Tuesday, July 21, 2009

Topic: Writing and Minorities

10-second review: How do you answer the head of the English department of a high school with about 95% minority students, most of whom are African American, when he says, “Why try to teach them to write? They can’t even write a good sentence.”


Title: “Comments by RayS.” July 17, 2009.


Comment: Well, I have not heard that one in a long time. It reminds me of the reasons that English teachers taught grammar when I was young. The thought then was, “You can’t teach them to write compositions until they have learned to write good sentences.” And so I was never taught to write. The teachers never got beyond teaching me to write good sentences. I diagrammed from eighth grade to twelfth. The purpose? To get those lines straight or whatever geometric angle was used for gerunds, phrases and clauses. I never wrote a composition. I never wrote a term paper. I did not know about summary paragraphs. Or introductions. Or thesis sentences. Occasionally, one of my teachers taught us to write paragraphs, so I did know about topic sentences.
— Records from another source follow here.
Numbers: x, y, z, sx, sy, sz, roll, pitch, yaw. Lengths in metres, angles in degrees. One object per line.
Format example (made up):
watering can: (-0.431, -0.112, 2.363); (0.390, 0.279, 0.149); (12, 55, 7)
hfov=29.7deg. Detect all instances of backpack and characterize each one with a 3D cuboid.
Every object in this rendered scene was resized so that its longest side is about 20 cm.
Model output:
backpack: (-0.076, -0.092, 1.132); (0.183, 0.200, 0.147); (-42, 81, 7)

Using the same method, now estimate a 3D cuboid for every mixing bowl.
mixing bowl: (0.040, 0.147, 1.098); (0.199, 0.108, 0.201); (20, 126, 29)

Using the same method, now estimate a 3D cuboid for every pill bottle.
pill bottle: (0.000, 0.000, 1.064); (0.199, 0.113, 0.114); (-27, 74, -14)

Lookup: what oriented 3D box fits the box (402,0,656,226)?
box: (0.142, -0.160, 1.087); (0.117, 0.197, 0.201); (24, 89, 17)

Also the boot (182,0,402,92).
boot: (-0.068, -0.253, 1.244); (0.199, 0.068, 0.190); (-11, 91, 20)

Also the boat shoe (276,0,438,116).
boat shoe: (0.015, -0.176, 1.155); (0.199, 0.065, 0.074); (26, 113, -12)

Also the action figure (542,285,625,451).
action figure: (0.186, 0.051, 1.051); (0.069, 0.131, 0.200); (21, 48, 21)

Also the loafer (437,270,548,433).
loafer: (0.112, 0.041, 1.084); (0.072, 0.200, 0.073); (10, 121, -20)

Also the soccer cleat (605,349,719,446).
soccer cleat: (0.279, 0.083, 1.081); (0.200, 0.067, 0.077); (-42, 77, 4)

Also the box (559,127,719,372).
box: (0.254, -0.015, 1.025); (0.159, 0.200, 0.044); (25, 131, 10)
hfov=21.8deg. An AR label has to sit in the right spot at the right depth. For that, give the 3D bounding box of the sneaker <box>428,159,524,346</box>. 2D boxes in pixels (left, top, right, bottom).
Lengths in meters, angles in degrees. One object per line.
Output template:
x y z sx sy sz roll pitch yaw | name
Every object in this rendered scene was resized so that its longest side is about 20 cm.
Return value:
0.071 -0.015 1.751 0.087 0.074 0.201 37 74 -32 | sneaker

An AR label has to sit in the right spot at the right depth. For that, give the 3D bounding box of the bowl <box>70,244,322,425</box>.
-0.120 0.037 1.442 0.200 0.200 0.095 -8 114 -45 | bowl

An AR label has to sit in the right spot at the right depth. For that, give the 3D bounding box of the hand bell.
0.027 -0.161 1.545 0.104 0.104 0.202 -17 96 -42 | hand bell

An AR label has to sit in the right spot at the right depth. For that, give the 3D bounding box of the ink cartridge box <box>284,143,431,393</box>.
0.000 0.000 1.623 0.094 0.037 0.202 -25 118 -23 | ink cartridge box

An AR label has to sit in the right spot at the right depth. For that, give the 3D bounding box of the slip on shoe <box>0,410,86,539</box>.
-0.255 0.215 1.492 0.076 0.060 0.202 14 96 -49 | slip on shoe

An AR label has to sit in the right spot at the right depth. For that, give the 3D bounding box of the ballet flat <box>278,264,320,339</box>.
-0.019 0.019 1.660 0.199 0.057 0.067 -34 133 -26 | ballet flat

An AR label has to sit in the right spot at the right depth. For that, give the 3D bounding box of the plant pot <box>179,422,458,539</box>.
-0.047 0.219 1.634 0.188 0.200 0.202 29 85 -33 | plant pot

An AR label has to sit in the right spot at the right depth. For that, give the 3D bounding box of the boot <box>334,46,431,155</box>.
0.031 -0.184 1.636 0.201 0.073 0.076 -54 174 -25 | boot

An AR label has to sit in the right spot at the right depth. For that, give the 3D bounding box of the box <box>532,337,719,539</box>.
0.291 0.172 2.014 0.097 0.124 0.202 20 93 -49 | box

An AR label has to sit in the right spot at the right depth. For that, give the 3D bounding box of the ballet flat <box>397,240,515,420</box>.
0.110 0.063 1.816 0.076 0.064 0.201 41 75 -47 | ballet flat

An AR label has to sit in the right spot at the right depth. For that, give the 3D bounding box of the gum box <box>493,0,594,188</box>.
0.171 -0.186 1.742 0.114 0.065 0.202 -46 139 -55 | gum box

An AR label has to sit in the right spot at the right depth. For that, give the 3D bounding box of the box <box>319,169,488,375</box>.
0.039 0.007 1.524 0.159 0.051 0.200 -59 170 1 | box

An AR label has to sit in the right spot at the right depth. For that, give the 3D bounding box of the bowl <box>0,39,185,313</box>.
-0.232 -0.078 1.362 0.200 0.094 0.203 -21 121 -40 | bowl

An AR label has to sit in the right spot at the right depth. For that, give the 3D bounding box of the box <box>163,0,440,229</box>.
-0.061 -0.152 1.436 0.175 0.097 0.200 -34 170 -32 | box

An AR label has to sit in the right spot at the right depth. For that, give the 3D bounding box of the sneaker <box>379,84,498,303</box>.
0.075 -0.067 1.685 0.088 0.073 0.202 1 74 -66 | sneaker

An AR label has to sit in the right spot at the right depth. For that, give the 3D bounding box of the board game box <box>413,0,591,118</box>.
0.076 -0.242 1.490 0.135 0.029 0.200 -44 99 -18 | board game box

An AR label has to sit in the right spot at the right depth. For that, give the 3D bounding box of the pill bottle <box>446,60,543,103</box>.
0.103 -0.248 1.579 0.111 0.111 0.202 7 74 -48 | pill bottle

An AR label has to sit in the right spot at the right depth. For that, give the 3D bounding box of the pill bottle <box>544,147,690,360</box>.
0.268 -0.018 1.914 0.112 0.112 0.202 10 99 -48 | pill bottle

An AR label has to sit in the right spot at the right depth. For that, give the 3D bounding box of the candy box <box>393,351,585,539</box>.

Grammar and composition are two pretty distinct subjects that enlightened teachers show students how to apply one to the other. Grammar focuses on sentences. Composition focuses on paragraphs, on organization, on coherence in which the writer starts and the reader follows, undistracted by grammatical mistakes, from beginning to end.


Composition means the writing process: (1) brainstorming the topic. (2) Writing a first draft, beginning with a thesis sentence, (3) writing middle paragraphs some of which begin with topic sentences, (4) writing a final, summary paragraph, (5) constructing an introduction to add in the beginning to the thesis sentence, and concluding with (6) revising and (7) editing. Writing means “Telling them what you are going to tell them (introduction and thesis), telling them (middle paragraphs) and telling them what you told them (final, summary paragraph).”


Grammar study has one purpose, and it usually occurs after the draft—to polish the writing.


These students have ideas. They need to be taught how to express those ideas in paragraphs and whole compositions; they need to know how to tell the readers what they are going to tell them, tell them and tell them what they told them. They can go back and fix up the sentences. They should not be limited to the sentence or even the paragraph. Begin by teaching them to write whole compositions and then show them how to use a knowledge of grammar to complete and smooth their sentences. RayS.